Analyzing time-dependent rock-concrete interaction: A solution for non-circular tunnels

Abstract

Many researchers have explored the complex time-dependent behavior of rock-concrete interaction in lined tunnels. However, for non-circular tunnel configurations, no analytical solution has been proposed yet. The presence of varying curvature along tunnel boundaries in non-circular tunnels leads to diverse effects on stress and strain components in both the lining and surrounding mass over time. As time progresses, the accuracy of stress and strain assessment significantly decreases, especially at boundaries with high curvature, even when fine grid mesh sizes are used in numerical models. To address these challenges, a novel time-dependent analytical solution in plane strain is introduced for evaluating induced stress and strain fields around a lined noncircular tunnel subjected to non-hydrostatic in situ stress.
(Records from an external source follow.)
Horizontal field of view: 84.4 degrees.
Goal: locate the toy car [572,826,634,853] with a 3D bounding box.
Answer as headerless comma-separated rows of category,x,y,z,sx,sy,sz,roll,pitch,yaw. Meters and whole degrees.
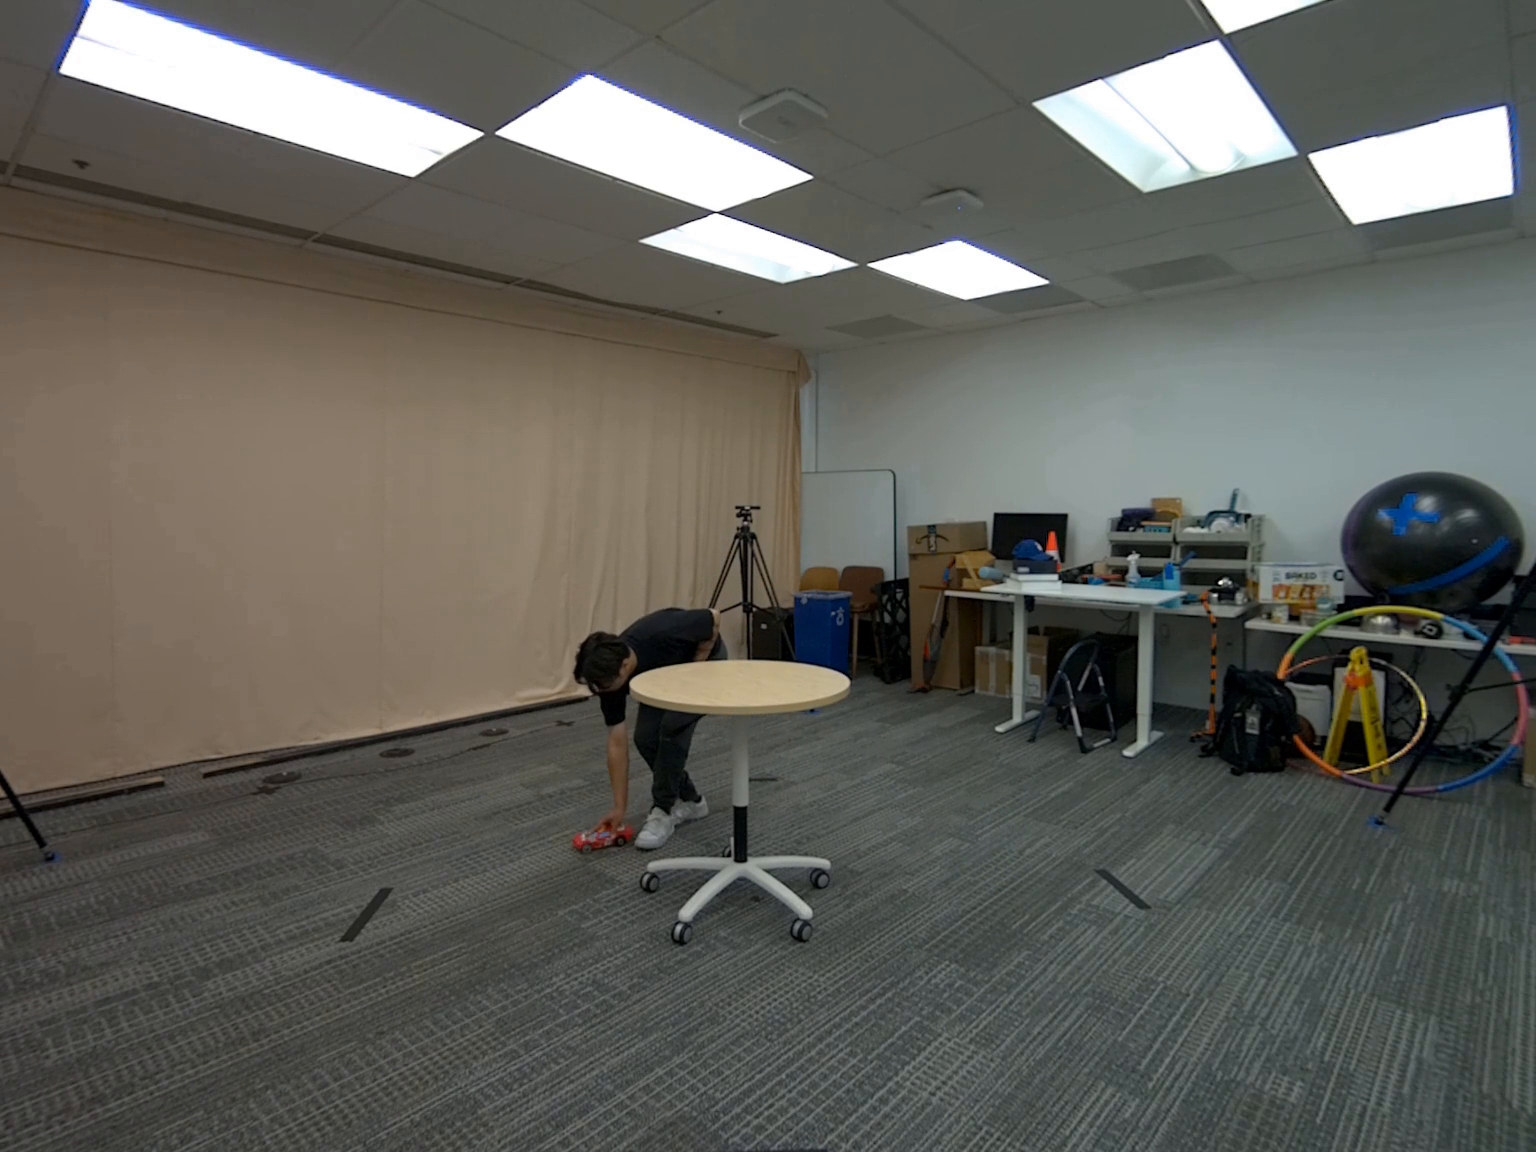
toy car,-0.679,1.080,3.471,0.249,0.083,0.134,-14,9,-25
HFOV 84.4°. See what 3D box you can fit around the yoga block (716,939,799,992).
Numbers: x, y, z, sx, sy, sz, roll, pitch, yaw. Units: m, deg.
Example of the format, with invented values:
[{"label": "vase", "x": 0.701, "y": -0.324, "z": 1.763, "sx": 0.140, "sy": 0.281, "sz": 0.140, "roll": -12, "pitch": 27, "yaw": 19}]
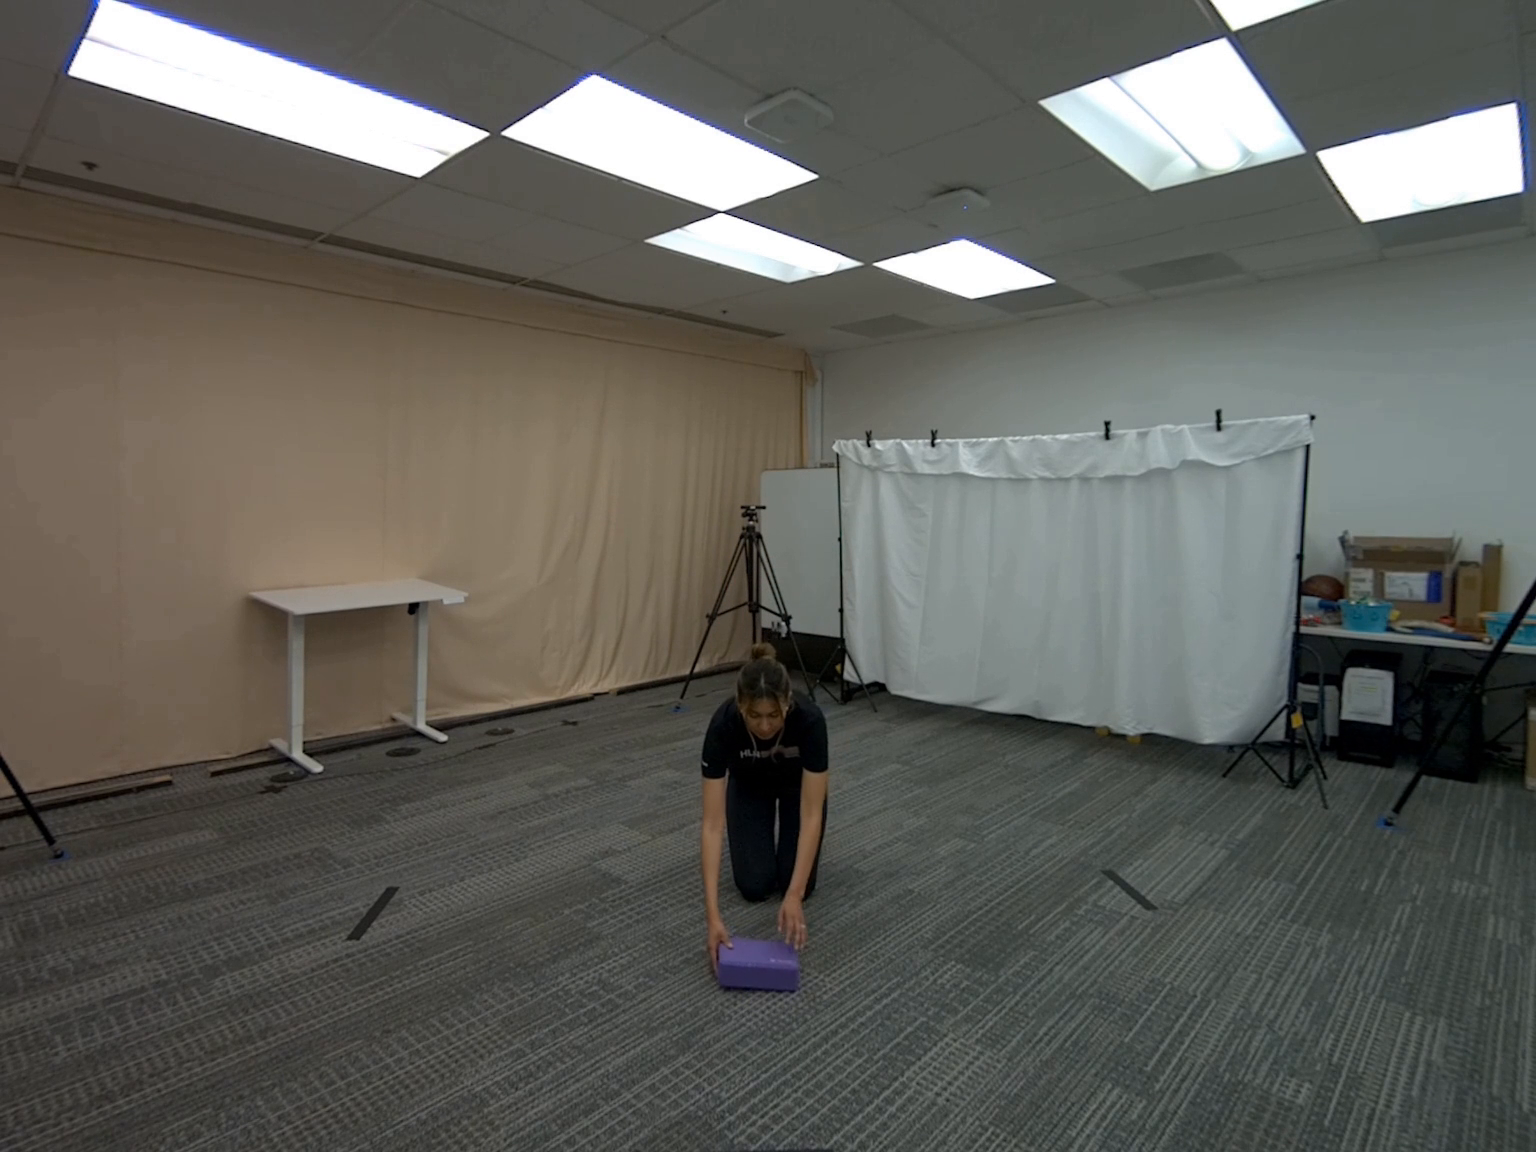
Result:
[{"label": "yoga block", "x": -0.027, "y": 1.132, "z": 2.482, "sx": 0.230, "sy": 0.076, "sz": 0.149, "roll": 5, "pitch": 4, "yaw": 1}]
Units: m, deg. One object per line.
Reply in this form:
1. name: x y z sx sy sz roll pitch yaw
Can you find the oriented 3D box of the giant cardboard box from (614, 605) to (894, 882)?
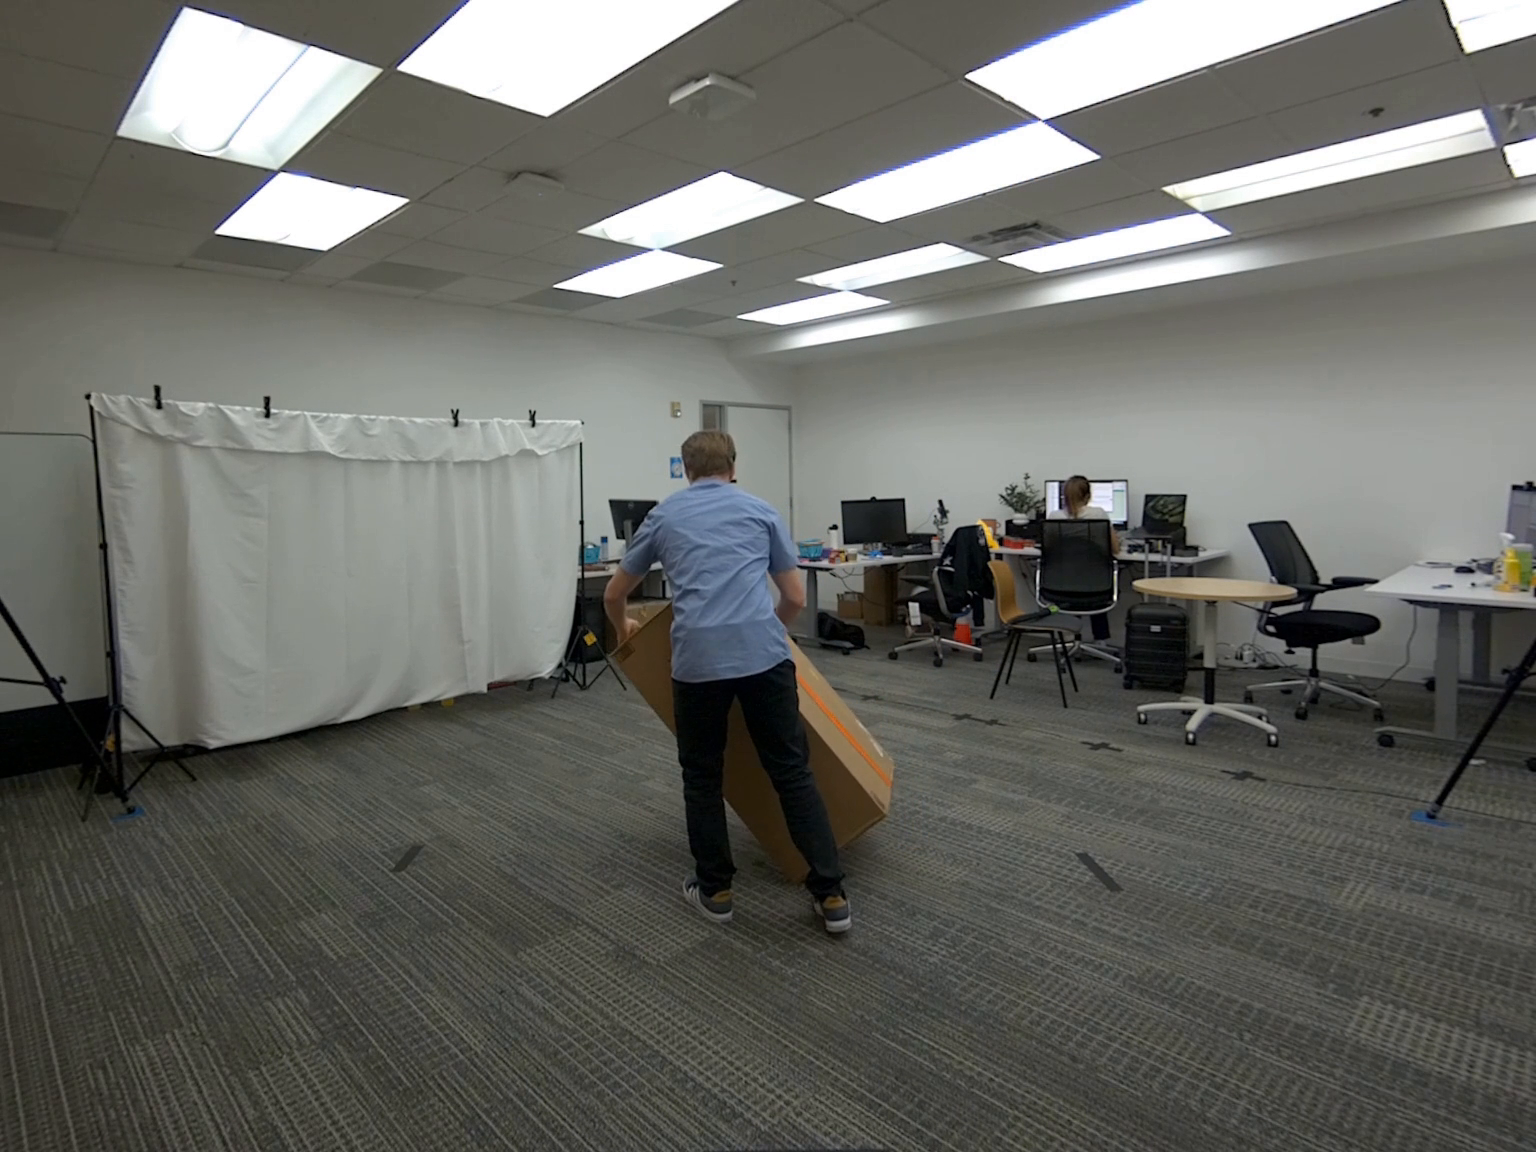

The solution, developed using the complex variable method by Muskhelishvili and conformal mapping functions, results in a system of first-order linear differential equations. This approach was validated using COMSOL finite element software, demonstrating a substantial reduction in stress evaluation errors and time consumed compared to the software. Finally, a sensitivity analysis on Burgers model parameters performed, which revealed different effects on stress induced around tunnels in short and longterm. Notably, this solution is applicable to tunnels of any shape and compatible with various linear viscoelastic constitutive models for rock masses.